**Goal of the exercise:** Lines from the one with "Output an oriented" through the end of the records, and no others, are what the answer should contain, copied exactly; please keep pictures out.

**Materials provided:**
★ ★ ★ ★ ★ ★ ★
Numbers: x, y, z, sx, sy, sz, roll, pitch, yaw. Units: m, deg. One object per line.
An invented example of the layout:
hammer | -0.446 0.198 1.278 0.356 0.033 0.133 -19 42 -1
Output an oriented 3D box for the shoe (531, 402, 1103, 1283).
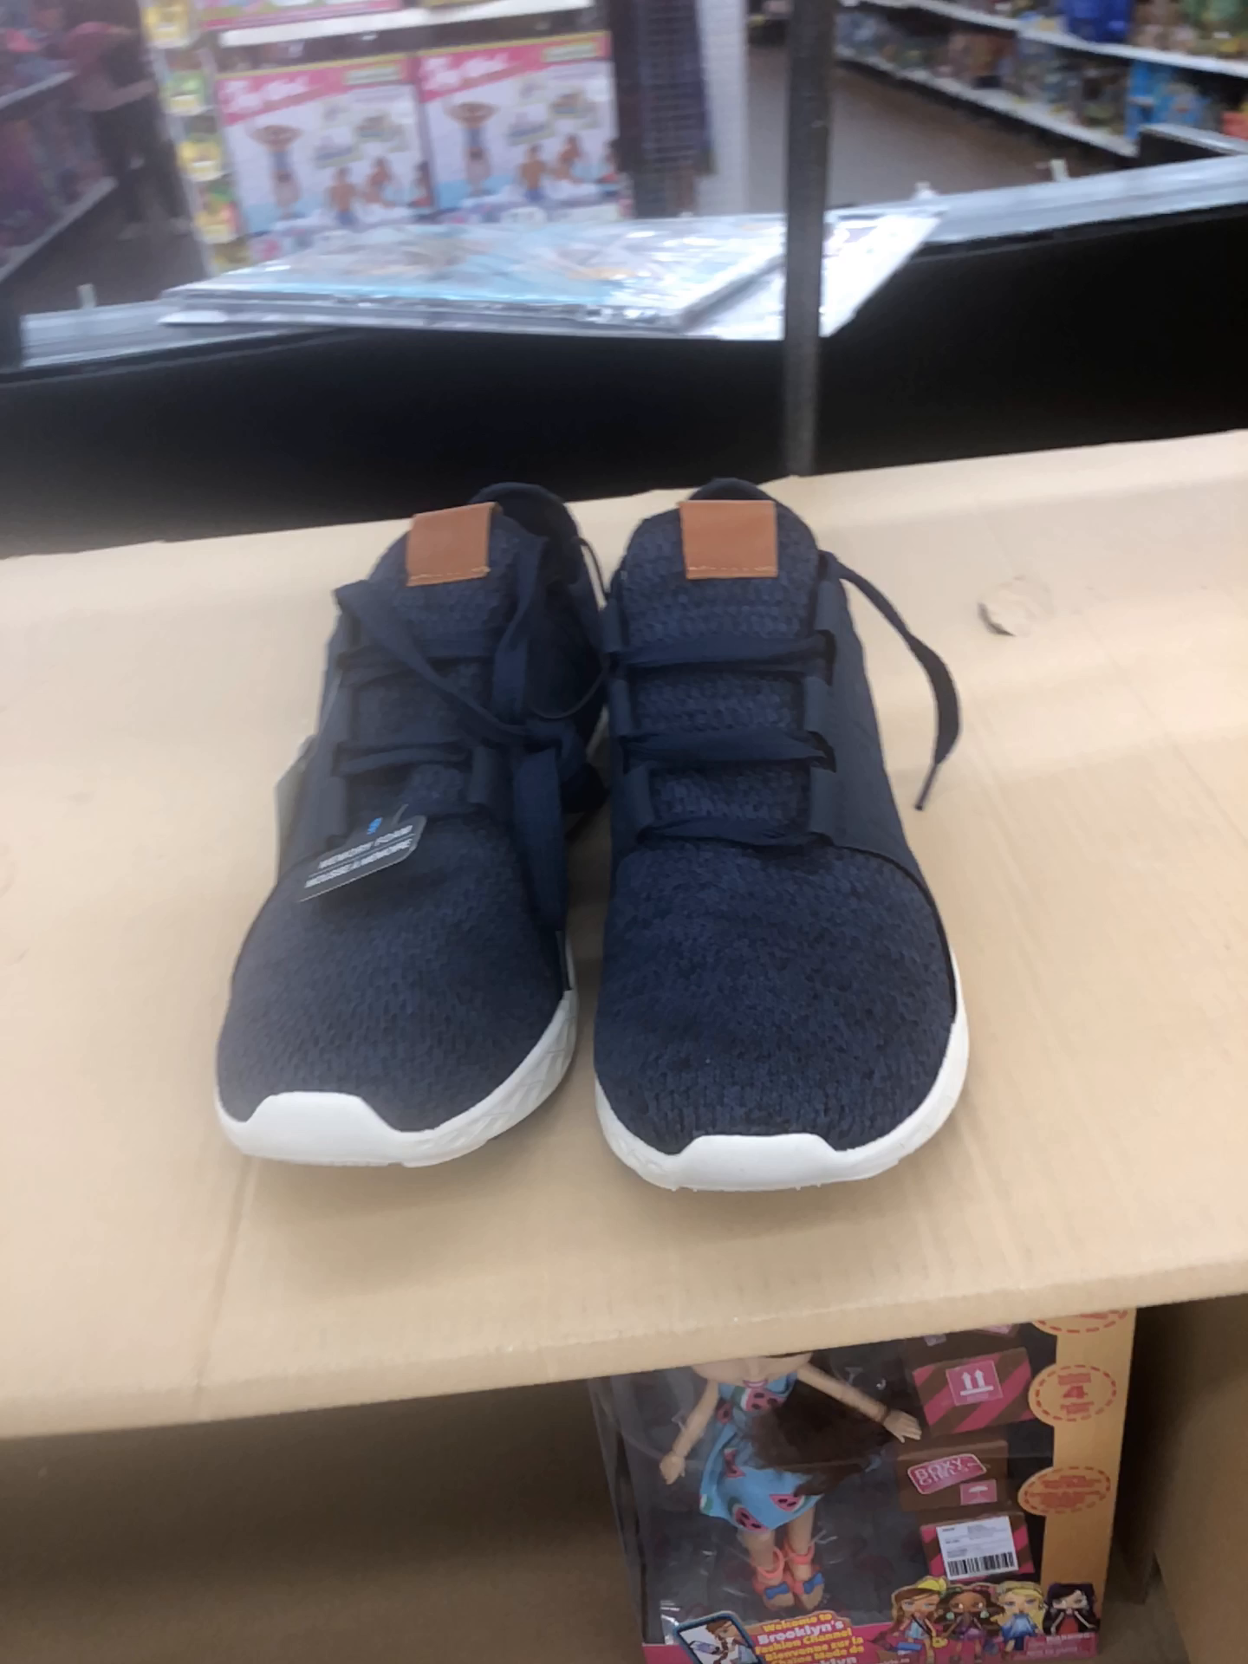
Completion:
shoe | 0.043 -0.024 0.422 0.110 0.120 0.291 -4 33 3

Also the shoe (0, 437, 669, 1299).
shoe | -0.059 -0.015 0.449 0.110 0.129 0.291 0 34 9
★ ★ ★ ★ ★ ★ ★
**The completed task:**
Output an oriented 3D box for the shoe (531, 402, 1103, 1283).
Completion:
shoe | 0.043 -0.024 0.422 0.110 0.120 0.291 -4 33 3

Also the shoe (0, 437, 669, 1299).
shoe | -0.059 -0.015 0.449 0.110 0.129 0.291 0 34 9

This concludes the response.